The model's goodness of fit Δ was determined by using the residual sum of squares (SS) of the difference between the predicted and the observed values of all months. The value of each parameter was determined successively by minimising SS (Table 2). This was continued for all parameters, until no further improvements in fit were possible, which was the common minimum for all parameters. Around the determined joint-optimal value for all parameters, each parameter was varied in turn to determine whether the fit was highly sensitive to the parameter values. A parameter was ‘sensitive’ if 10% variation in the parameter value caused 30% variation in Δ. This process was employed in lieu of sufficient data to allow calculation of confidence intervals. The Microsoft Excel ‘Solver Add-In’ function, which uses the Generalized Reduced Gradient (GRG2) method, was used for this process.

Table 2.

Model parameter values and bounds

Parameters	Cissé [bounds]	Goni [bounds]	Nouna [bounds]
α	0.000126	0.000126	0.000126
β1	0.000096	0.000096	0.000096
β2	0.000041	0.000041	0.000041
q	0.12 [0.10–0.17]	0.12 [0.10–0.17]	0.12 [0.10–0.17]
v	10 days [9–15]	10 days [9–15]	10 days [9–15]
r	2	2	2
m	0.15[0.06–0.20]	0.15 [0.07–0.22]	0.14[0.05–0.22]
b	0.56[0.5–0.6]	0.56[0.5–0.6]	0.56[0.5–0.6]
γ	0.79	0.79	0.79
c	10.6 days [9–14]	13.3 days [9–14]	9.9 days [9–14]

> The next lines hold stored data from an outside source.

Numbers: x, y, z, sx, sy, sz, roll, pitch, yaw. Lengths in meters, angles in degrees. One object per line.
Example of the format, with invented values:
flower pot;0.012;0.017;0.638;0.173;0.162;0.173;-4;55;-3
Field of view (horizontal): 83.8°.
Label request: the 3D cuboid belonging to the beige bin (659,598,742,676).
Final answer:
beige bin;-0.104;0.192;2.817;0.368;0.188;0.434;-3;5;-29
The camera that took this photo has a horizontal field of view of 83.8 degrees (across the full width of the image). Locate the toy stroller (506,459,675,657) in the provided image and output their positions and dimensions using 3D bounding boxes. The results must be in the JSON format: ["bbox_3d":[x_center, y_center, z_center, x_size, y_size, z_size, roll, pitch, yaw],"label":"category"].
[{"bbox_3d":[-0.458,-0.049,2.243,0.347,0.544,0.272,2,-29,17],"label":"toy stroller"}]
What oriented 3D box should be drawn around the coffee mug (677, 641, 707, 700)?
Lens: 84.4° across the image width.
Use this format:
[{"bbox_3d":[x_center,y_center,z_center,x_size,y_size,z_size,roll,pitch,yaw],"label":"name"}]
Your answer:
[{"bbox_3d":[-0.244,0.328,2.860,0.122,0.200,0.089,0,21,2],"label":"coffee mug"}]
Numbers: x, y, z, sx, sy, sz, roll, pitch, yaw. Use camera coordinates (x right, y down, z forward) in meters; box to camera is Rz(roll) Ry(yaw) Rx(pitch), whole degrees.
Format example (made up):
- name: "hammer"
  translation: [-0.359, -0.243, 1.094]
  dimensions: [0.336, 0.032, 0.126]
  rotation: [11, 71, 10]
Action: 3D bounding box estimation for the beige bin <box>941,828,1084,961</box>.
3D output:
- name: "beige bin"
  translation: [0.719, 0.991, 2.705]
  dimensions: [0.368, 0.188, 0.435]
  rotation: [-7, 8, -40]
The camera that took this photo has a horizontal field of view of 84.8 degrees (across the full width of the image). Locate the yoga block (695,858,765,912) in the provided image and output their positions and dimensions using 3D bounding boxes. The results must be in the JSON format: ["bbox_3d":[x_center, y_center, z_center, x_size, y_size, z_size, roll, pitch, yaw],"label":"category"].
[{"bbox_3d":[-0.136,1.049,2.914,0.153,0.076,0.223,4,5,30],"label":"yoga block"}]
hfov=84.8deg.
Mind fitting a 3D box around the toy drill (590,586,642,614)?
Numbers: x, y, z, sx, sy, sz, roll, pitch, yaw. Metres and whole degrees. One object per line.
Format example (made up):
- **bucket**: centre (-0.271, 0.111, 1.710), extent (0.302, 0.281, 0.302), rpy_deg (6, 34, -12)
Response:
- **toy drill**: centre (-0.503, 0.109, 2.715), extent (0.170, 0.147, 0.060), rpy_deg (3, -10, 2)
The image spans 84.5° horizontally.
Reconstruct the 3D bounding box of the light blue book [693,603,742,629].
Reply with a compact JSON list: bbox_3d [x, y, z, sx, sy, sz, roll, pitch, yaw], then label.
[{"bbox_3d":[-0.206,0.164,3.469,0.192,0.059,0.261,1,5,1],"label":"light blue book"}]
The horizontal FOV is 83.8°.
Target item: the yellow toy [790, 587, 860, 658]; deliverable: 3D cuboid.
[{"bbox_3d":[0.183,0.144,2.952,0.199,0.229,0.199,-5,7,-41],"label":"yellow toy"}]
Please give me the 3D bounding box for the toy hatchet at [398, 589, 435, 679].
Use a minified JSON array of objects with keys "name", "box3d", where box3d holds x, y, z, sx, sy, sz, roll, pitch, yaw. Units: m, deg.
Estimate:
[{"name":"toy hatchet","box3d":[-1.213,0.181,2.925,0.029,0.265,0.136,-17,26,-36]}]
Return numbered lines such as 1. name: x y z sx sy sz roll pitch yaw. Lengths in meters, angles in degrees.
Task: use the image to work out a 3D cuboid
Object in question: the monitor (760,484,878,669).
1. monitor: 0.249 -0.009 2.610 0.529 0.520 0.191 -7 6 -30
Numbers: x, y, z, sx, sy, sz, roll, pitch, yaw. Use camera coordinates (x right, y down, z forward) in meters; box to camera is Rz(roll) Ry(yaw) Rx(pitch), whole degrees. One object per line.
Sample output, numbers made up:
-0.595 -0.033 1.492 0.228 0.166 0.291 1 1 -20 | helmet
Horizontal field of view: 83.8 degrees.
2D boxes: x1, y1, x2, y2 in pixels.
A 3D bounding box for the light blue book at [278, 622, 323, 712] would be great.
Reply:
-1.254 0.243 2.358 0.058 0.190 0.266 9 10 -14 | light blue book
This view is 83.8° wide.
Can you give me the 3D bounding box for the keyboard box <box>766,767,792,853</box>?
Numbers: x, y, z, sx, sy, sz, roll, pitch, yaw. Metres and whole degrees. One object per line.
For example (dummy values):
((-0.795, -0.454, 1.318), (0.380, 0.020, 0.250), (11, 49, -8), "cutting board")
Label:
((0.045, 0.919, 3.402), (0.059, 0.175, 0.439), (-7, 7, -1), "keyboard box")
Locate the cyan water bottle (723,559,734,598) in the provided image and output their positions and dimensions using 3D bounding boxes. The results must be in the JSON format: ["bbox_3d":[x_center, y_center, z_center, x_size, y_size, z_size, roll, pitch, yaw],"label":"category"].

The model predicted mosquito abundance and malaria incidence for each month and site for the year 2004. Output values were normalised versus the expected, by multiplying each predicted monthly value by a ratio which was obtained by dividing the observed highest value by the predicted value. The variances for the normalised prediction and observed values were calculated to assess the fit of the model for each site. Small variance suggests good representation of the field data by the model. The fit was also presented graphically, by plotting the monthly predicted and observed values.

Results

During follow up, out of the 676 children, 20 (3.0%) left the cohort, either because of death (11) or migration out of the study sites (9). Children were not always present at each visit; therefore, the overall person-years (PY) observed were 594.9.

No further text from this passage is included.